Leaves: Leaves are the main sites for photosynthesis: the process by which plants synthesise food. Most leaves are usually green, due to the presence of chlorophyll in the leaf cells. However, some leaves may have different colors, caused by other plant pigments that mask the green chlorophyll. Each leaf typically has a leaf blade called the lamina, which is also the widest part of the leaf. Typical leaves are attached to the plant stem by a petiole, though there are also leaves that attach directly to the plant stem. The edge of the leaf is called the margin. The vascular tissue (xylem and phloem) run through veins in the leaf, which also provide structural support. The center vein is called the midrib.
Plants have 3 tissue types:
1) Dermal Dermal tissue covers the outer surface of herbaceous plants. Dermal tissue is composed of epidermal cells, closely packed cells that secrete a waxy cuticle that aids in the prevention of water loss.
2) Ground The ground tissue comprises the bulk of the primary plant body. Parenchyma, collenchyma, and sclerenchyma cells are common in the ground tissue.
3) Vascular Vascular tissue transports food, water, hormones and minerals within the plant. Vascular tissue includes xylem, phloem, parenchyma, and cambium cells.
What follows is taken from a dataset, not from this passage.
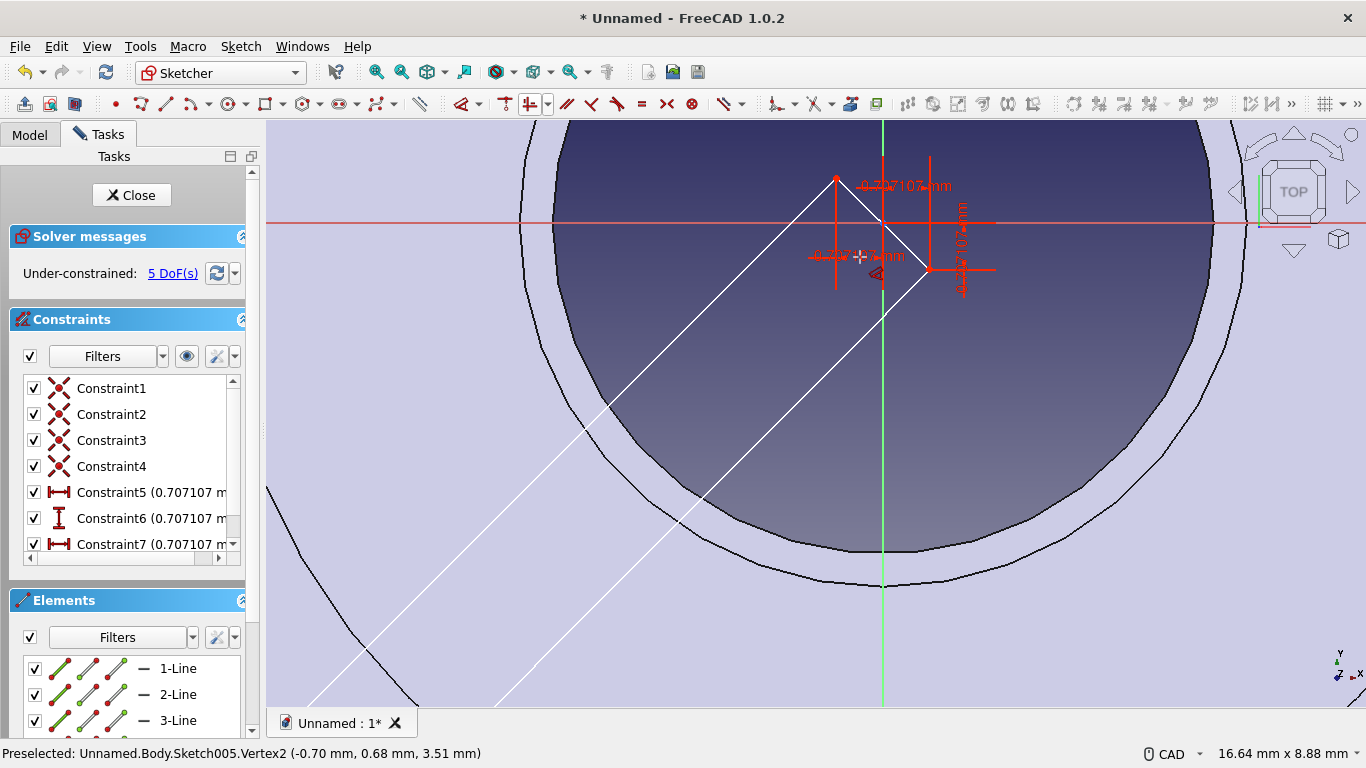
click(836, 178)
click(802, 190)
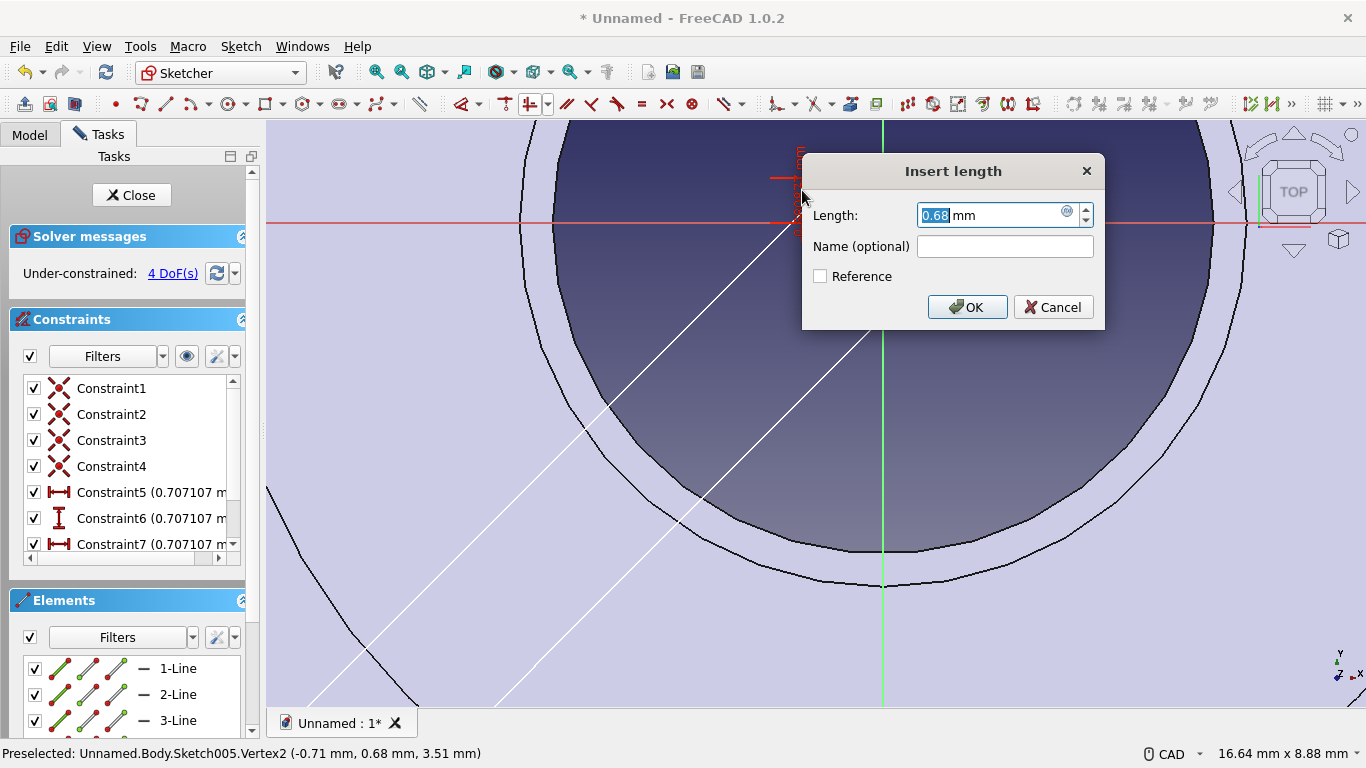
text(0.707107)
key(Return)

Plant cell types are formed by mitosis (cell division) from a meristem (a region of localised mitosis.) Meristems may be at the tip of the shoot or root (a type known as the apical meristem) or in cylinders extending nearly the length of the plant.
We will look at ground tissue as an example:
There are three types of plant cells in ground tissue:
parenchyma: a general plant cell type, function in storage, photosynthesis, and make up the bulk of ground and vascular tissues, including spongy mesophyll (really spongy parnechyma found in the mesophyll tissue) and palisade mesophyll (palisade parenchyma, also found in the leaf mesophyll tissue.) Parenchyma cells also occur within the xylem and phloem of vascular bundles.
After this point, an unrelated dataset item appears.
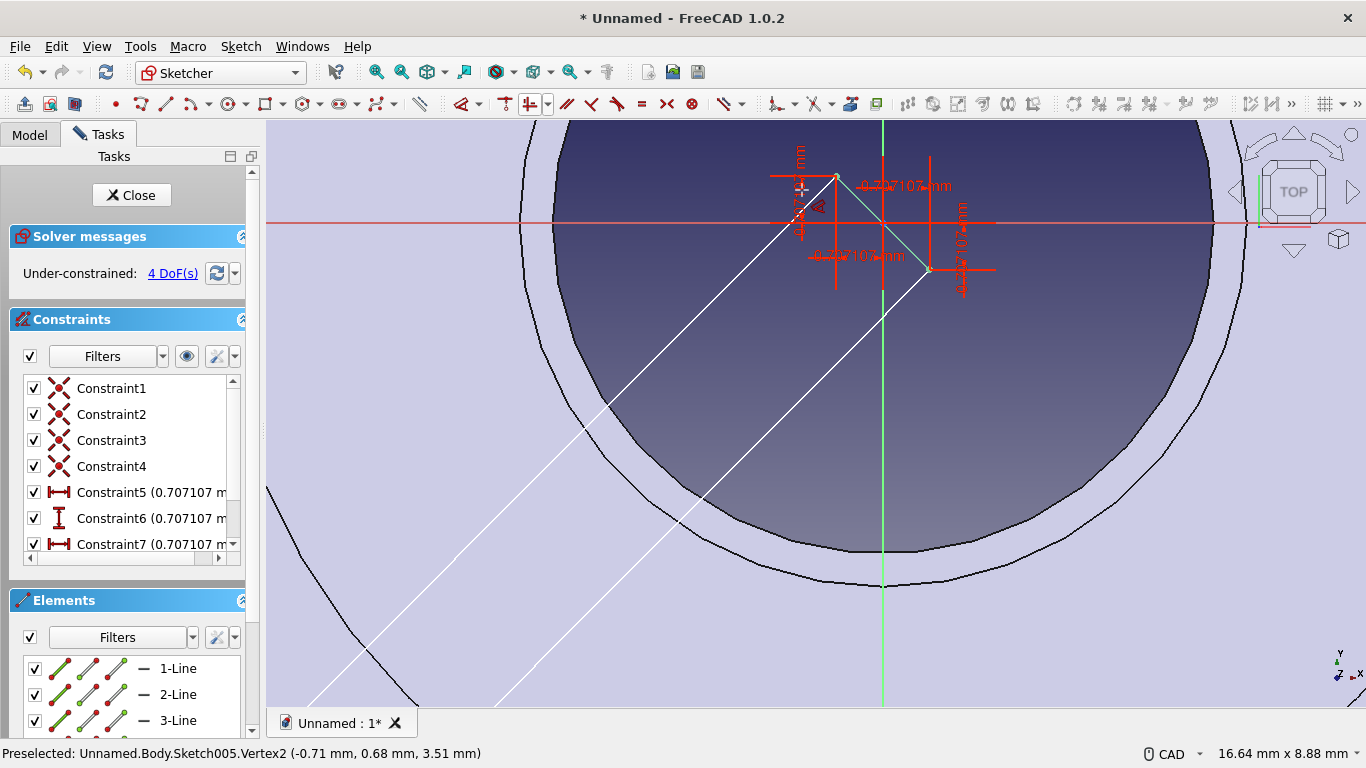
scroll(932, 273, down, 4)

collenchyma: support tissue of living long cells with thick deposits of cellulose in their cell walls. They are polygon shaped when cut across (cross-section.)
sclerenchyma: mature sclerenchyma cells are usually dead cells that have heavily thickened secondary walls containing lignin. The cells are rigid and nonstretchable and are usually found in nongrowing regions of plant bodies, such as the bark or mature stems.
Three types of plant cells shown in their respective tissues
Tissues in which they occur.
1.3 justify the hierarchical structural organisation of organelles, cells, tissues, organs, systems and organisms
A hierarchical structural organisation of multicellular organisms enables organisms to function, and to function efficiently. Individual cells are limited in size by the surface area/volume ratio, so for multicellular organisms they form smaller collections of the same cell = tissue. Different tissues can cooperate with each other to perform the same function = organ, and similarly different organs cooperate to achieve the same outcome = systems. Systems working together allow the organism to carry out processes necessary for it to remain alive.